> [About this task] Quote exactly and only this range of lines in the data below: the line that holds "object name: fashion print" to the line that holds "geography: paris", both included.

> [Extracted entries]
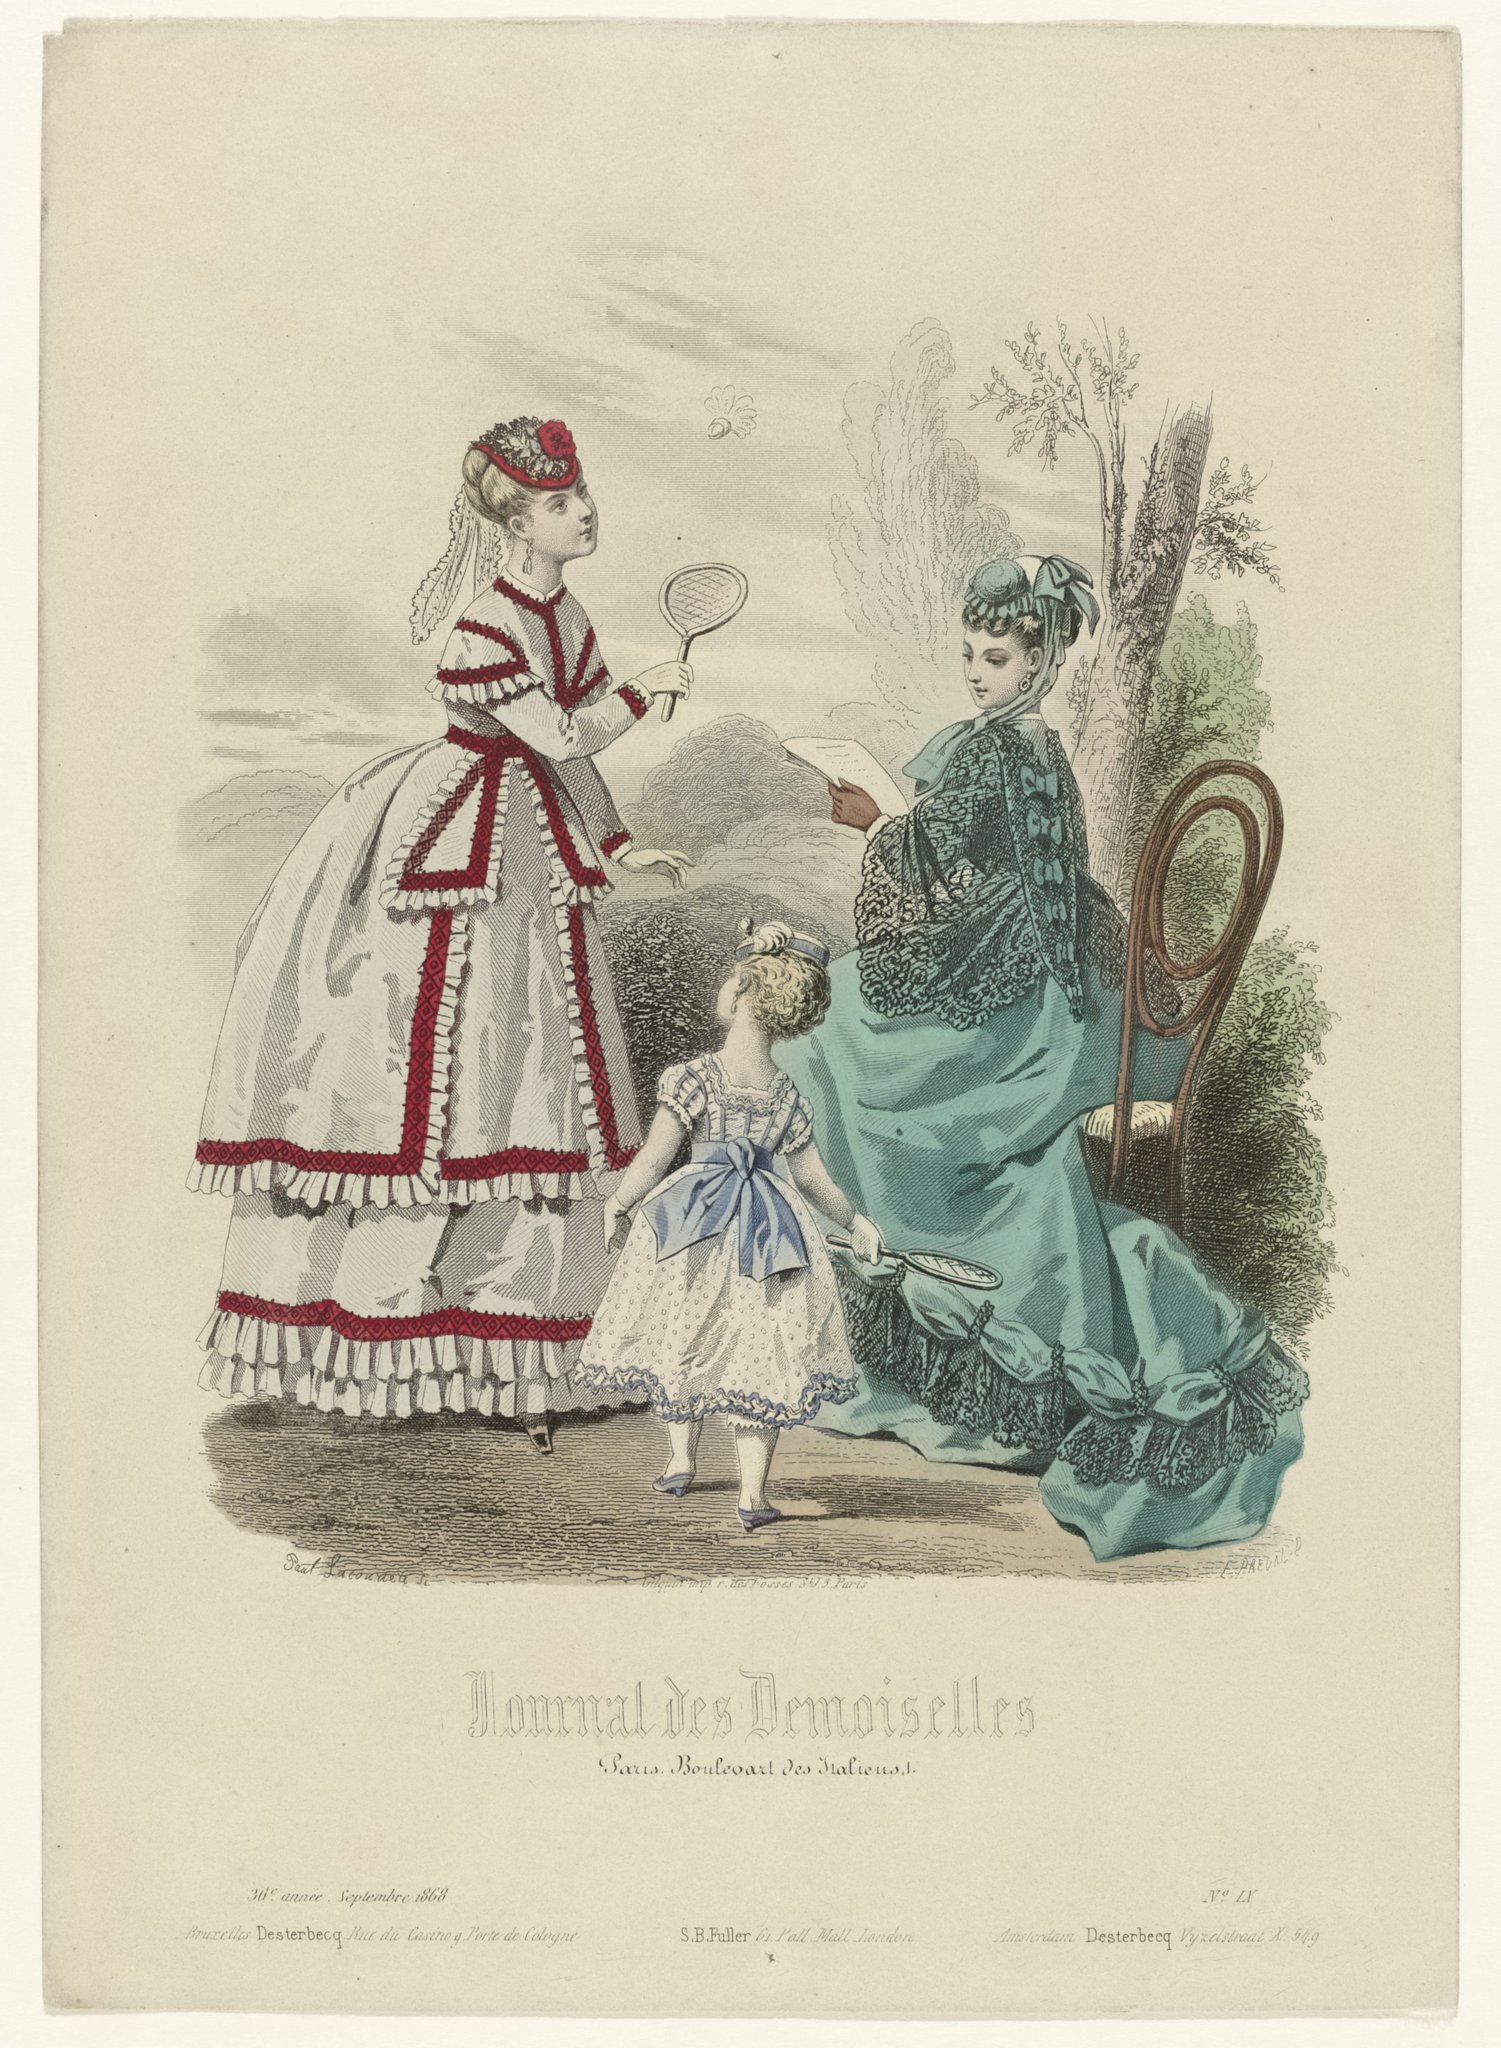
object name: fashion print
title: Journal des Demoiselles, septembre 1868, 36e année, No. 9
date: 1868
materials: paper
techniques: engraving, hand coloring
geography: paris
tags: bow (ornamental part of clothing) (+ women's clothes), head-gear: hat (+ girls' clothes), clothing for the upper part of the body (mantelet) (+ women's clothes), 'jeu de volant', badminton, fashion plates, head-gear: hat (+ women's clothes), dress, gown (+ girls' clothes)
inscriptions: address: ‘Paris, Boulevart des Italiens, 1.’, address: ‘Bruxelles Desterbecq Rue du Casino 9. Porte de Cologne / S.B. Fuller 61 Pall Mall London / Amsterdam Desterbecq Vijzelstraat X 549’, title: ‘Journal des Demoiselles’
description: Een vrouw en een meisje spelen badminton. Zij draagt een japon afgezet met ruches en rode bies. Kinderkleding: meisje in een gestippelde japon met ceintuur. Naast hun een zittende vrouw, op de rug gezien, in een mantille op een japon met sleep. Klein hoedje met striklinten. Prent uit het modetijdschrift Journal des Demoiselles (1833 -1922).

* * *

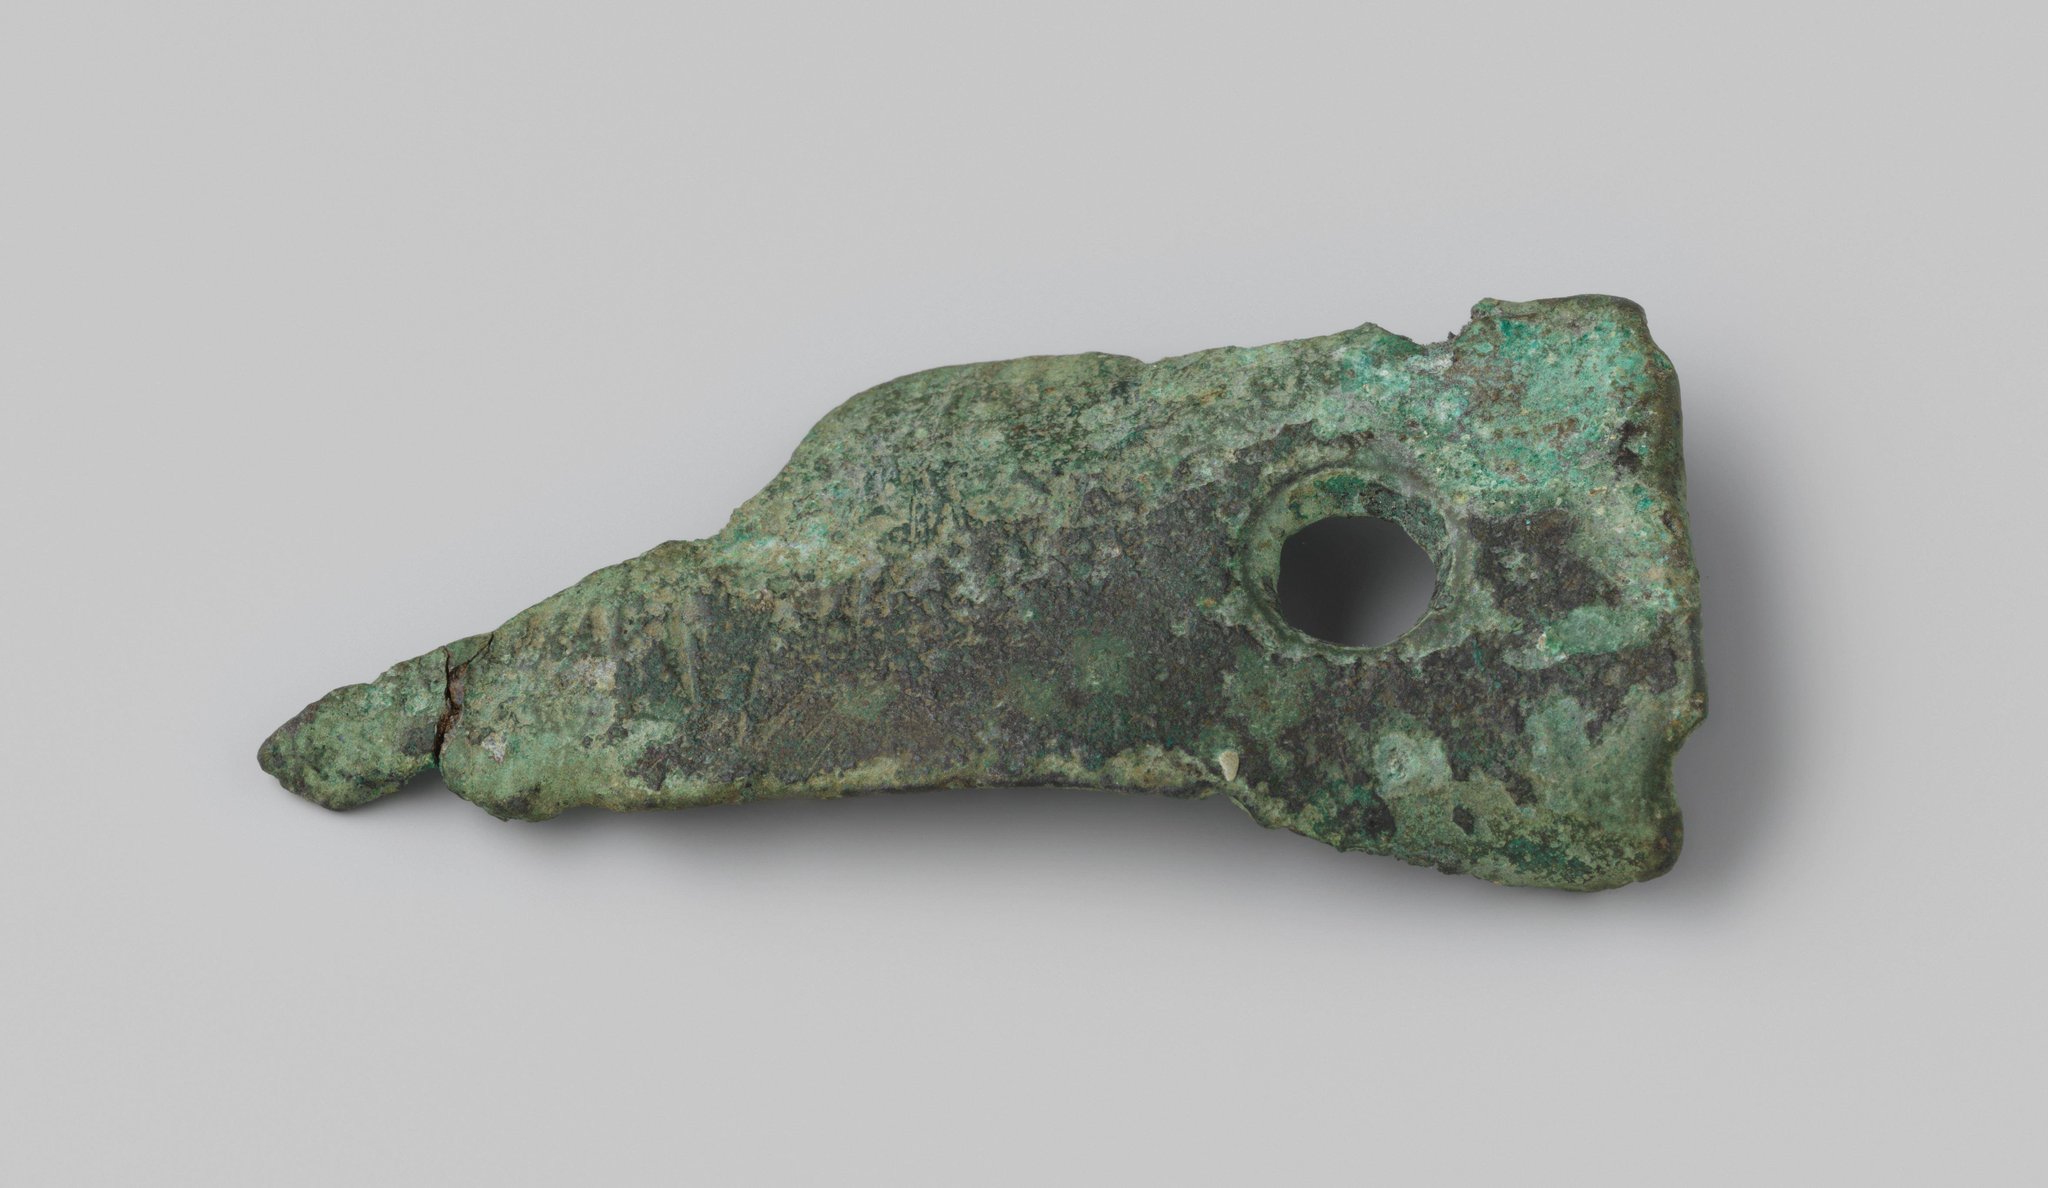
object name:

> [Worked solution]
object name: fashion print
title: Journal des Demoiselles, septembre 1868, 36e année, No. 9
date: 1868
materials: paper
techniques: engraving, hand coloring
geography: paris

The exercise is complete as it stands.